— EXERCISE REQUIREMENTS —
Search the records for the string "Task". Copy each line where it occurs.
*****
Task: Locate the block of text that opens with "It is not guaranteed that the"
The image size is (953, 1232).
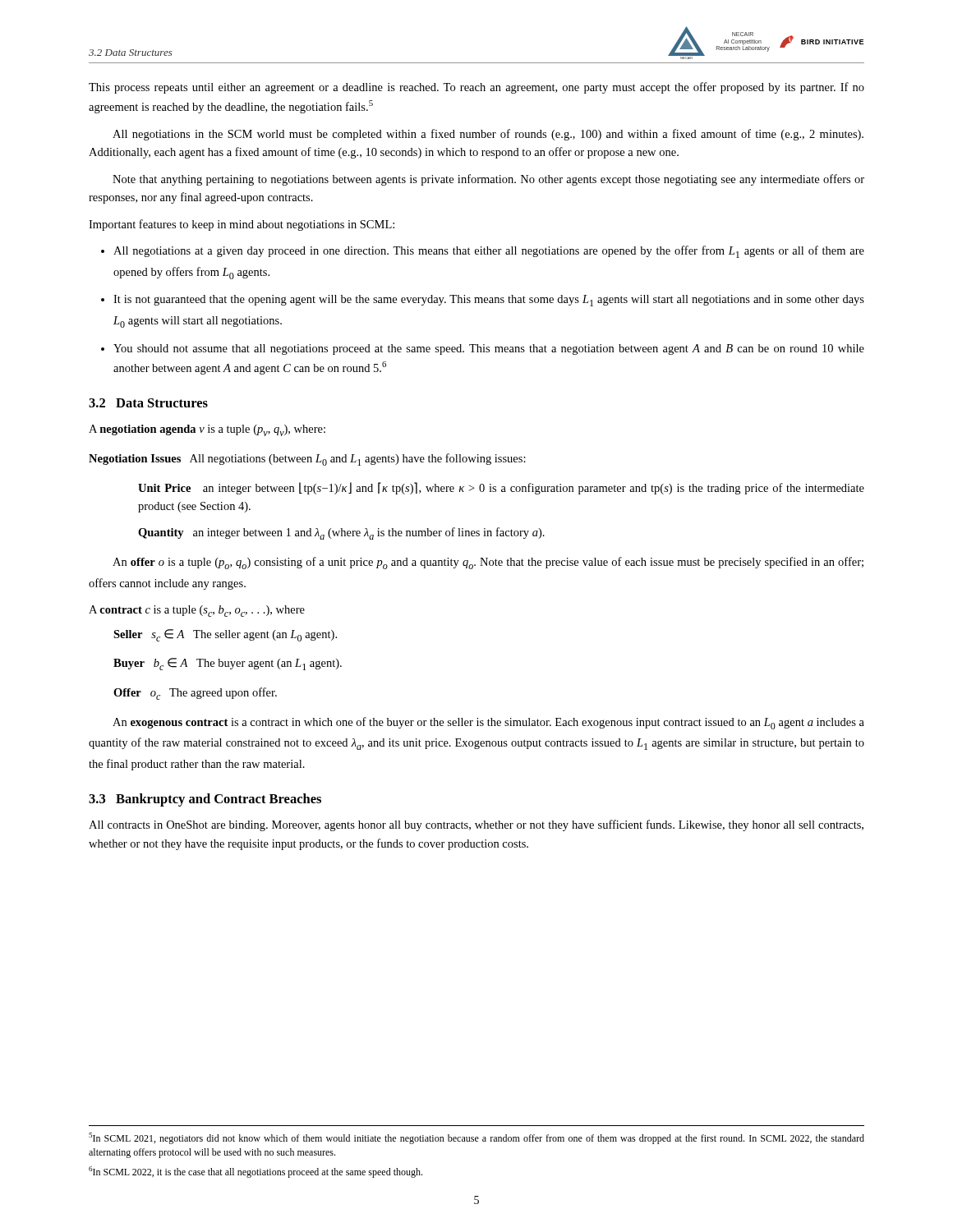Action: (489, 311)
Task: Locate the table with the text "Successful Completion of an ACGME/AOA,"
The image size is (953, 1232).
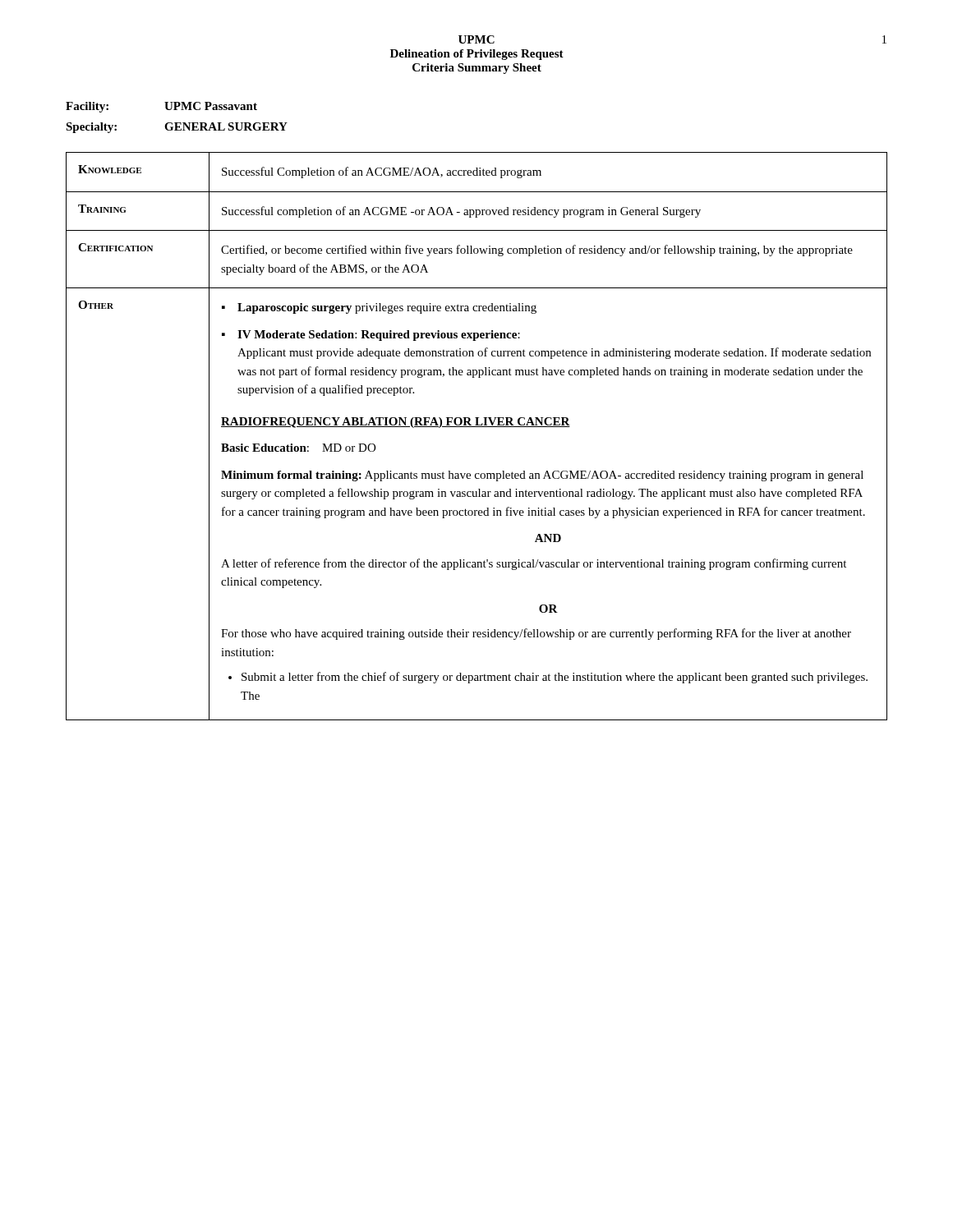Action: (x=476, y=436)
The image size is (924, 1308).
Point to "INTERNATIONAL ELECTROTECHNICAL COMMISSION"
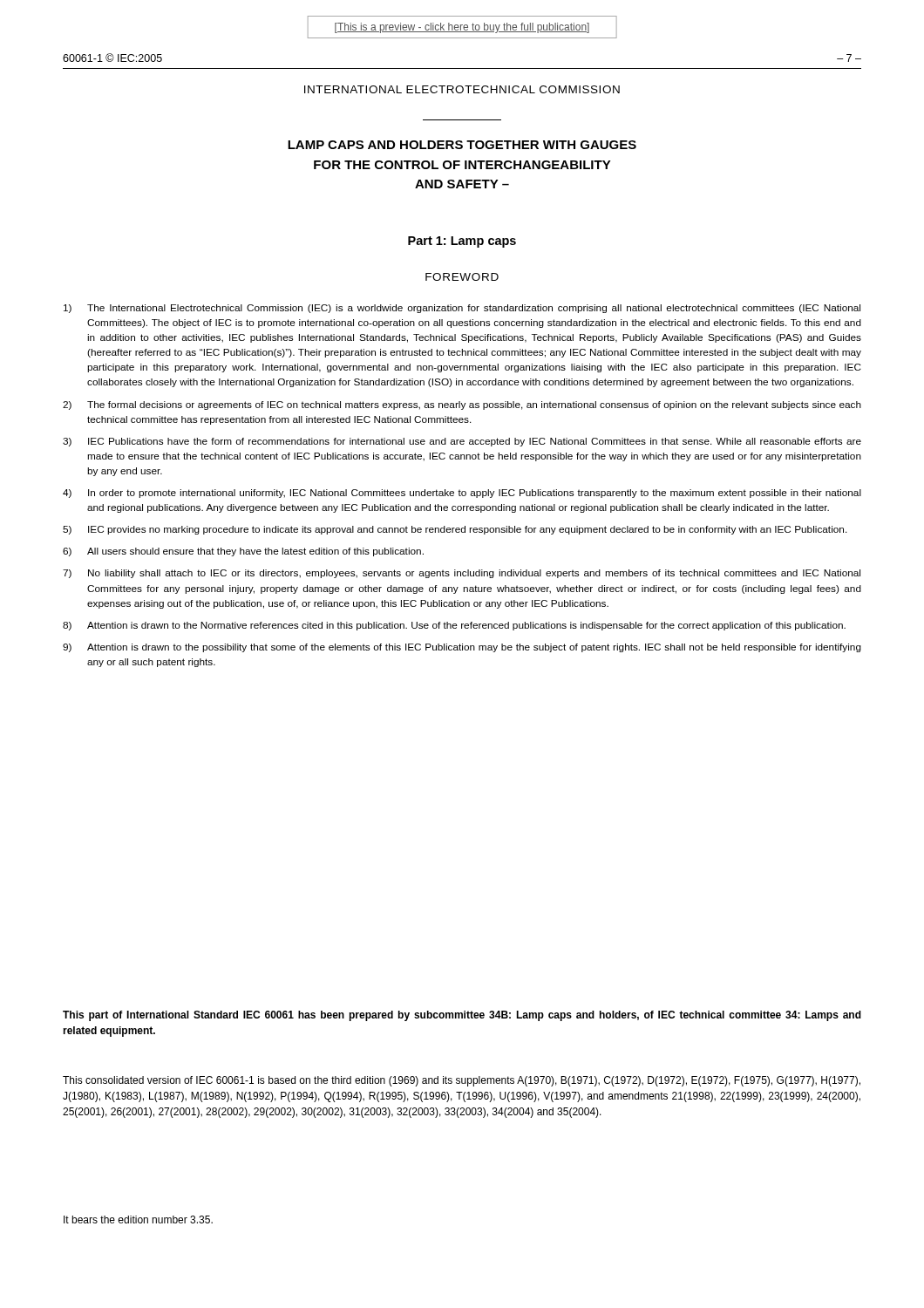coord(462,89)
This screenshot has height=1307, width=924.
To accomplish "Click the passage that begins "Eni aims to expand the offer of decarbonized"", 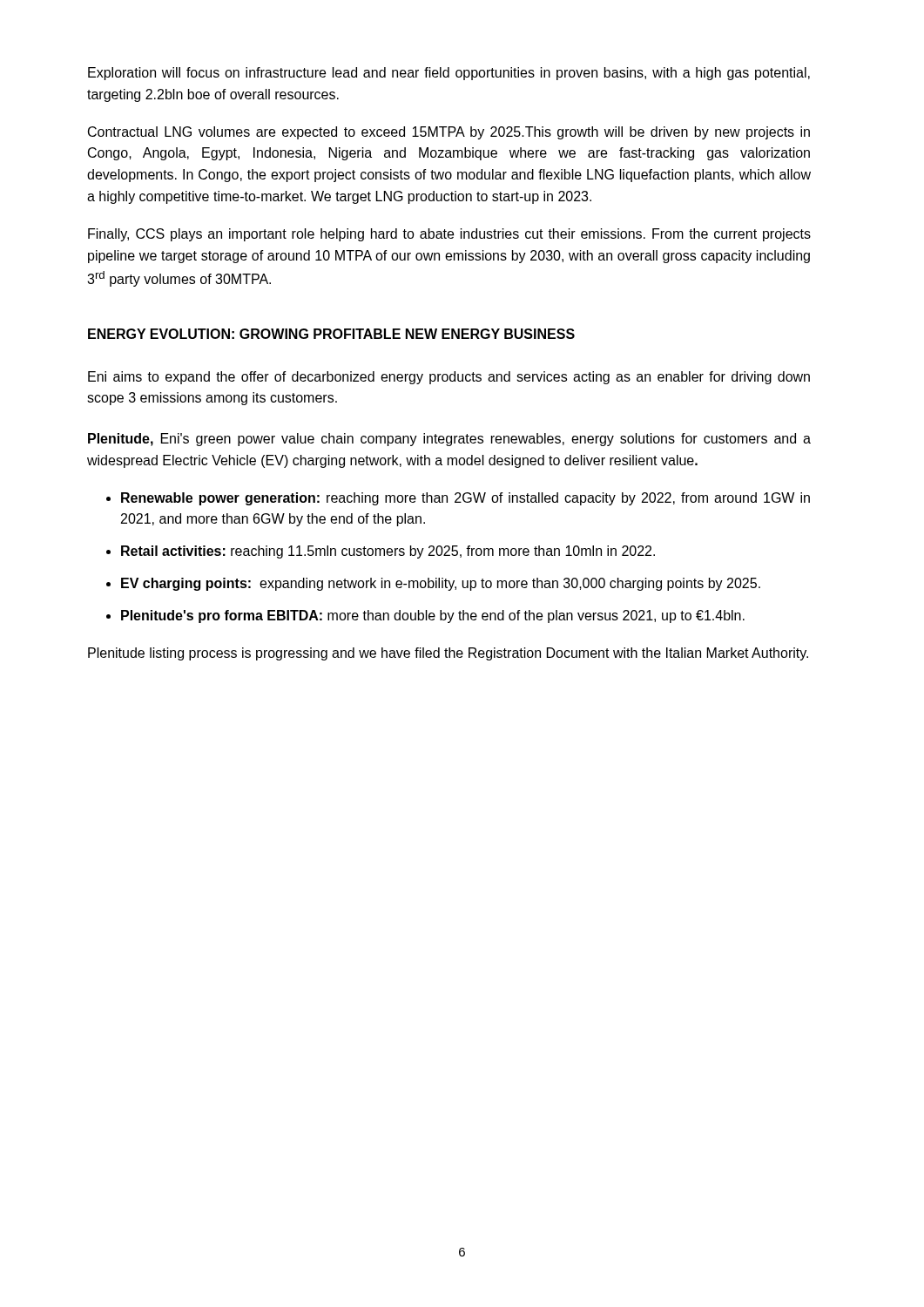I will click(449, 387).
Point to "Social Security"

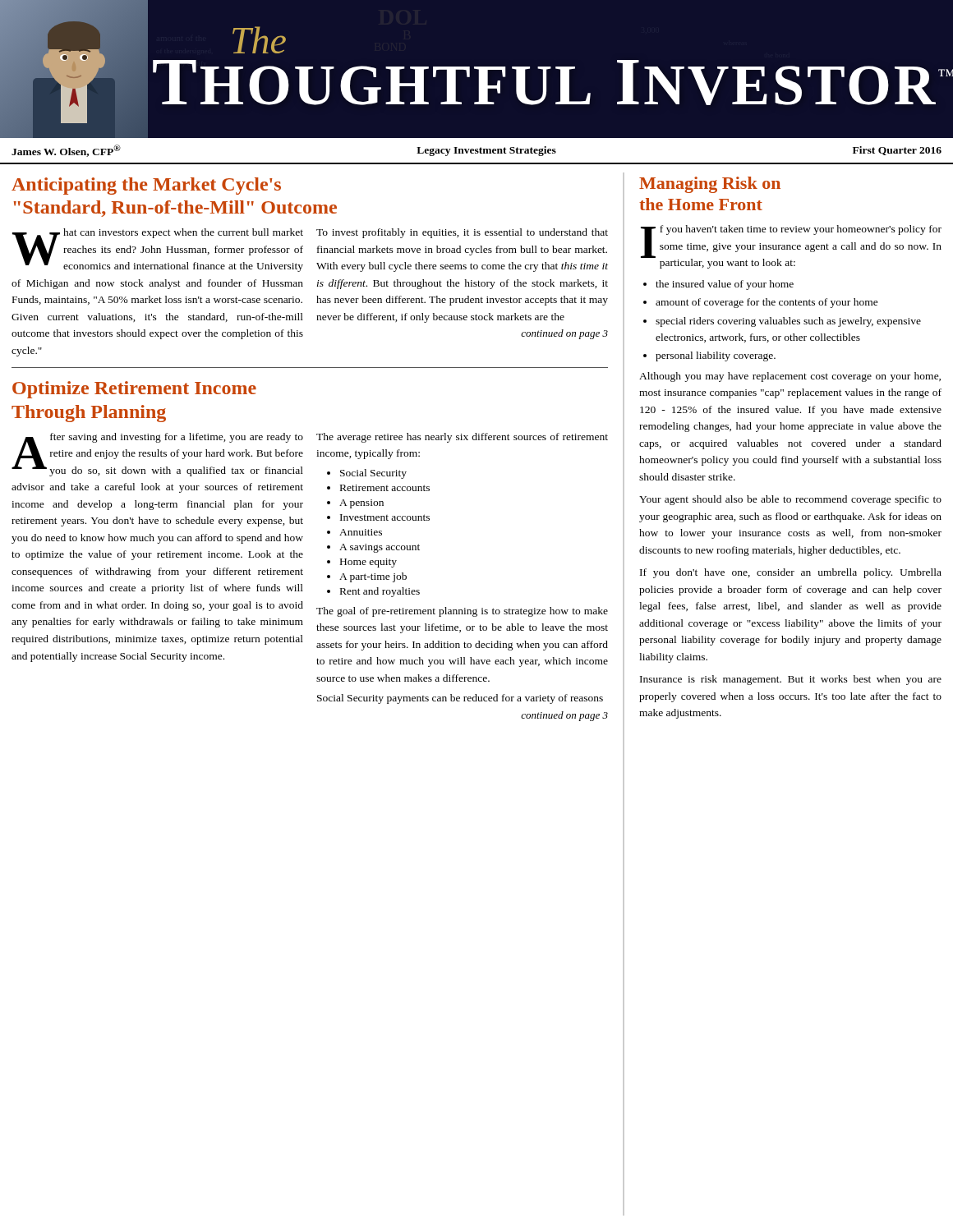tap(373, 473)
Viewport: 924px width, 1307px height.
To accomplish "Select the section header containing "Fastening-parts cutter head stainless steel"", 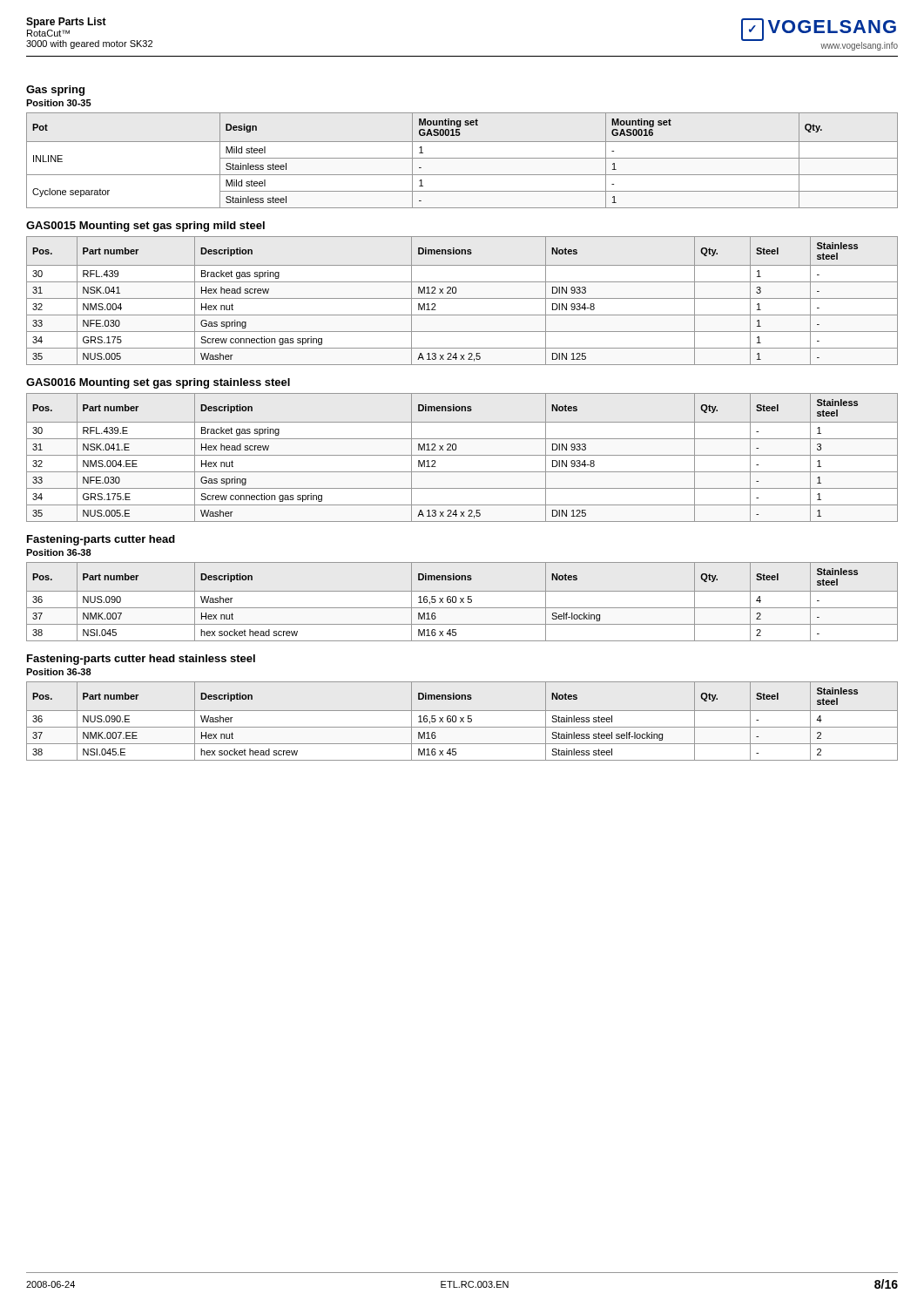I will pyautogui.click(x=141, y=658).
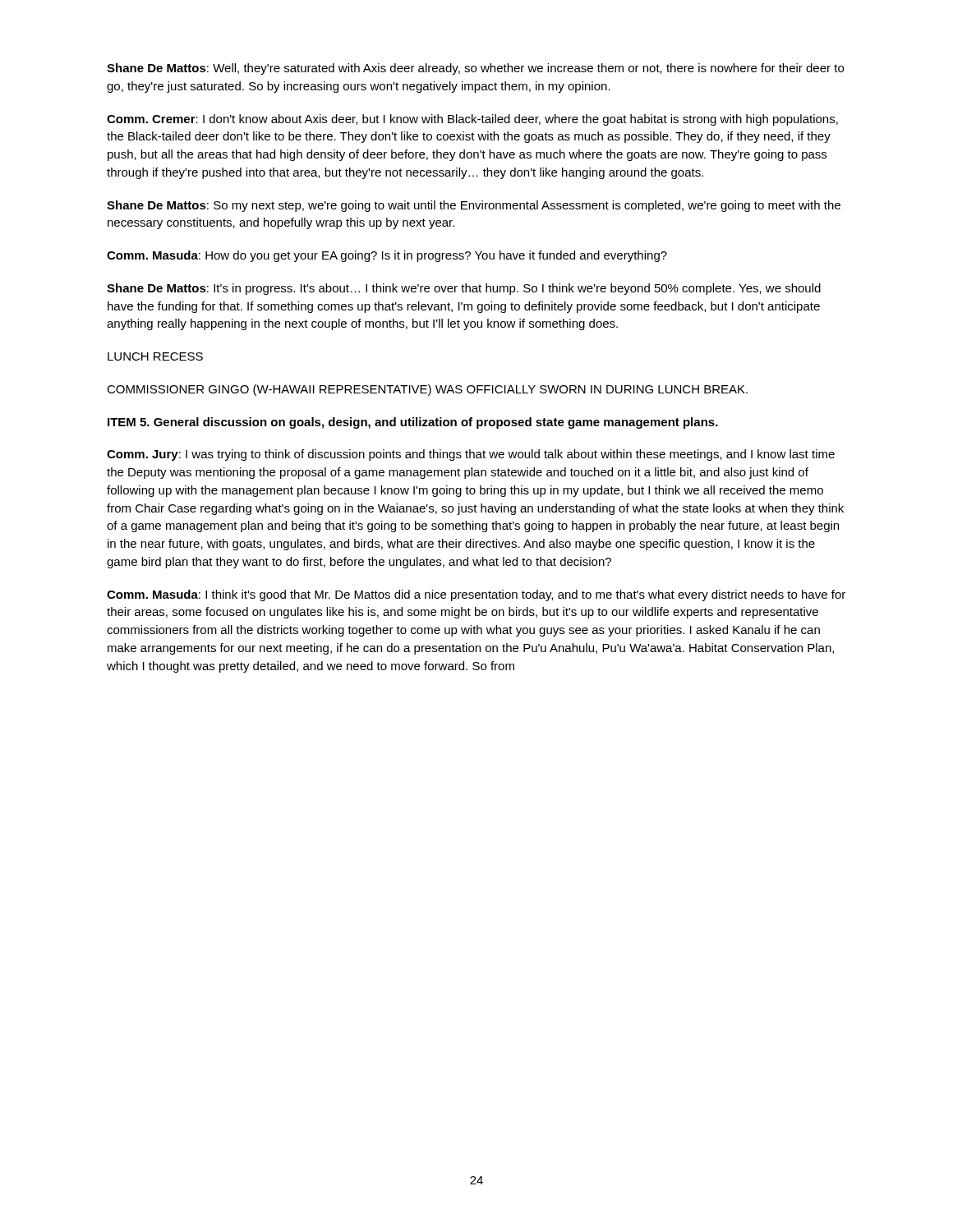Click the section header that begins "ITEM 5. General discussion on goals, design, and"
This screenshot has height=1232, width=953.
coord(476,422)
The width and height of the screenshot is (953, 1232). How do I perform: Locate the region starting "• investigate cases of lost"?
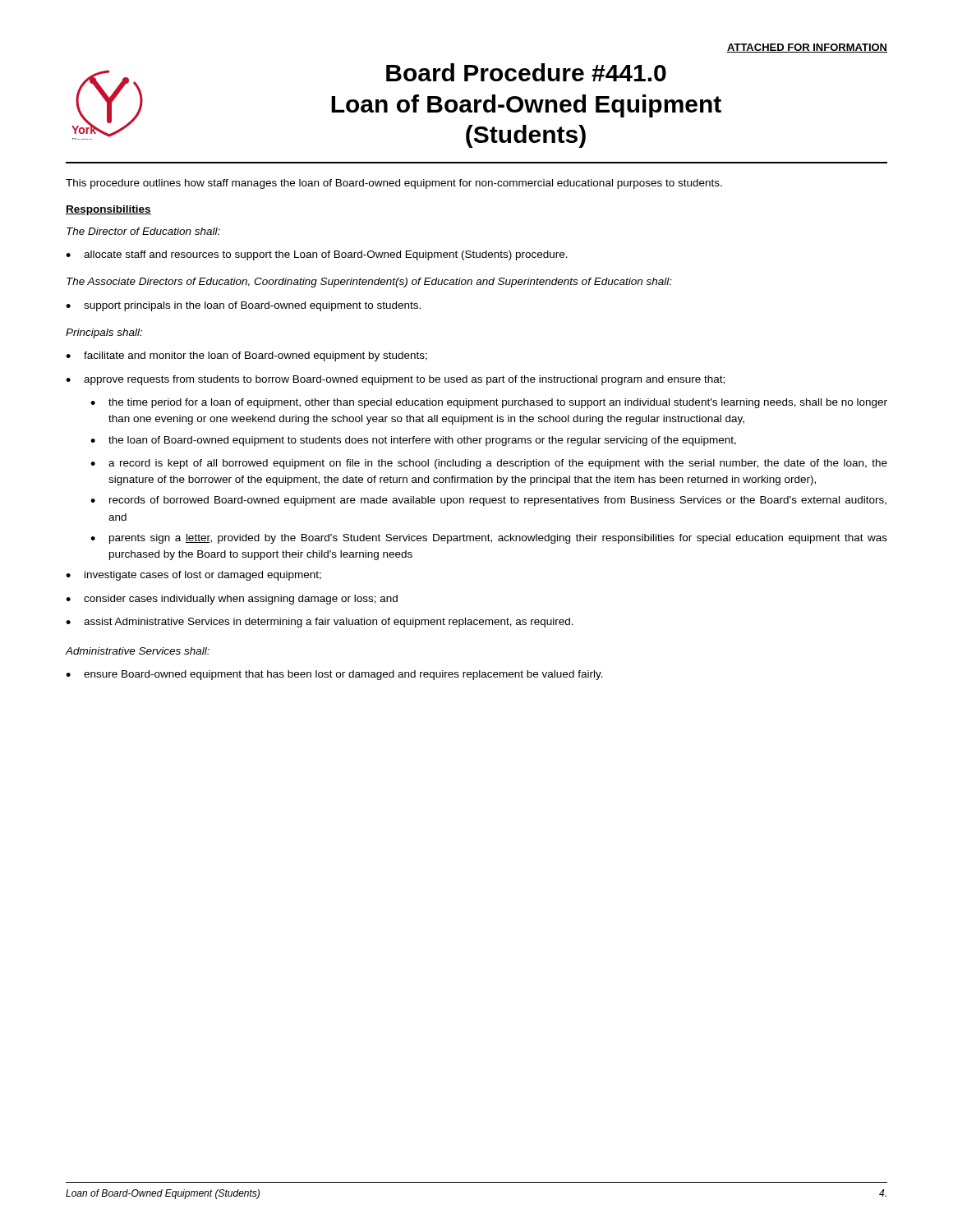(x=194, y=577)
*****
— PROBLEM SOLUTION —
Task: Locate the block of text that opens with "It is not guaranteed that the"
Task: Locate the table with the text "Successful Completion of an ACGME/AOA,"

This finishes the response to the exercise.